→ **YOUR ASSIGNMENT**:
Where does the word "second" show up in the data? Please find each such line and copy it.

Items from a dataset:
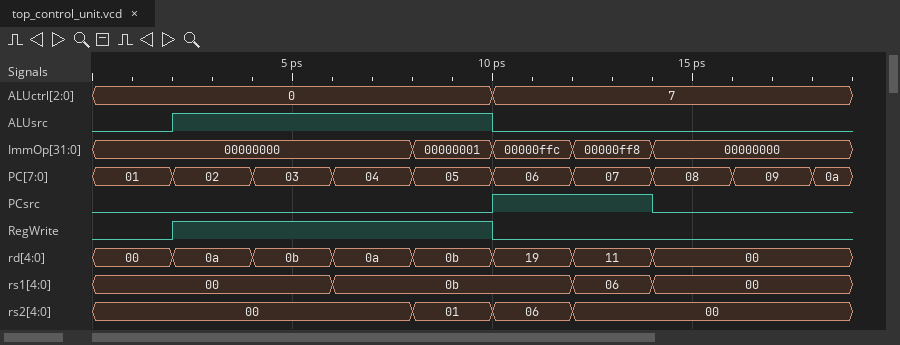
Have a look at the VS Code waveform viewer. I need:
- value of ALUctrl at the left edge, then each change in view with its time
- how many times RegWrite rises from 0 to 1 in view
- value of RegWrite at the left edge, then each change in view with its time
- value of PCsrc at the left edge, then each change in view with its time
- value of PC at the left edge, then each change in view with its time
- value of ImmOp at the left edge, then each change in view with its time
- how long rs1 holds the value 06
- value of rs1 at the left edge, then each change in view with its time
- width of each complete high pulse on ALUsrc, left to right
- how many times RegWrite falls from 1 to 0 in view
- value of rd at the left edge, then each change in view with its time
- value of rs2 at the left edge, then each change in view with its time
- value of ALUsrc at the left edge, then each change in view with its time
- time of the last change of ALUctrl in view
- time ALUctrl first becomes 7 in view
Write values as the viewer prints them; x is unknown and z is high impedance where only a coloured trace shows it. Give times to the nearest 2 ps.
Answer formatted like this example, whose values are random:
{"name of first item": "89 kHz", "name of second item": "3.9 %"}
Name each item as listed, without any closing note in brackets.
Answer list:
{"value of ALUctrl at the left edge, then each change in view with its time": "0, 7 at 10 ps", "how many times RegWrite rises from 0 to 1 in view": "1", "value of RegWrite at the left edge, then each change in view with its time": "0, 1 at 2 ps, 0 at 10 ps", "value of PCsrc at the left edge, then each change in view with its time": "0, 1 at 10 ps, 0 at 14 ps", "value of PC at the left edge, then each change in view with its time": "01, 02 at 2 ps, 03 at 4 ps, 04 at 6 ps, 05 at 8 ps, 06 at 10 ps, 07 at 12 ps, 08 at 14 ps, 09 at 16 ps, 0a at 18 ps", "value of ImmOp at the left edge, then each change in view with its time": "00000000, 00000001 at 8 ps, 00000ffc at 10 ps, 00000ff8 at 12 ps, 00000000 at 14 ps", "how long rs1 holds the value 06": "2 ps", "value of rs1 at the left edge, then each change in view with its time": "00, 0b at 6 ps, 06 at 12 ps, 00 at 14 ps", "width of each complete high pulse on ALUsrc, left to right": "8 ps", "how many times RegWrite falls from 1 to 0 in view": "1", "value of rd at the left edge, then each change in view with its time": "00, 0a at 2 ps, 0b at 4 ps, 0a at 6 ps, 0b at 8 ps, 19 at 10 ps, 11 at 12 ps, 00 at 14 ps", "value of rs2 at the left edge, then each change in view with its time": "00, 01 at 8 ps, 06 at 10 ps, 00 at 12 ps", "value of ALUsrc at the left edge, then each change in view with its time": "0, 1 at 2 ps, 0 at 10 ps", "time of the last change of ALUctrl in view": "10 ps", "time ALUctrl first becomes 7 in view": "10 ps"}
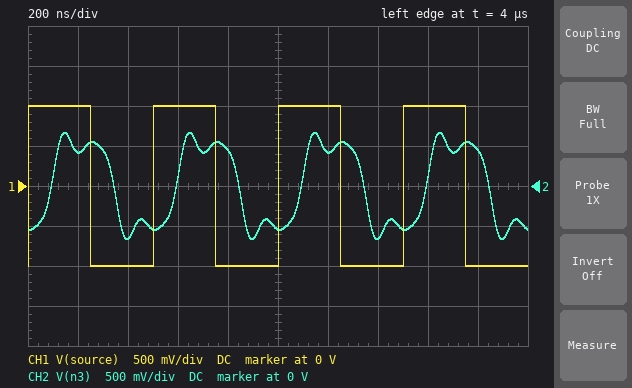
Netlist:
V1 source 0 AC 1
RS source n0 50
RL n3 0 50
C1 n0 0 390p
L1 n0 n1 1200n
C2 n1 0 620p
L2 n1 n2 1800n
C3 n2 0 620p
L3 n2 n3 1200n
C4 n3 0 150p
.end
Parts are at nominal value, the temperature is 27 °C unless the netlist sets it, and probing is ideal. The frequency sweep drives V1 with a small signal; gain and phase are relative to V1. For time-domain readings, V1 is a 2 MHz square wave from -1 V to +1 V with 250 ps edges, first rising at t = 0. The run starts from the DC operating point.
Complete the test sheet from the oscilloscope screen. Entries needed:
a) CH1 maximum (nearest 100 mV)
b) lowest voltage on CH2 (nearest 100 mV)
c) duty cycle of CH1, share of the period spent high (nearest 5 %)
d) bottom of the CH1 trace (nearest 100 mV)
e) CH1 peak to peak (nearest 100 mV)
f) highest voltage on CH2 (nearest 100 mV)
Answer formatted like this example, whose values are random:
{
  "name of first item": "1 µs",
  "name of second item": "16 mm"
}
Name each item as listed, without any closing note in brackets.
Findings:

→ **ANSWER BOX**:
{"name of first item": "89 kHz", "name of second item": "3.9 %"}
  "name of second item": "16 mm"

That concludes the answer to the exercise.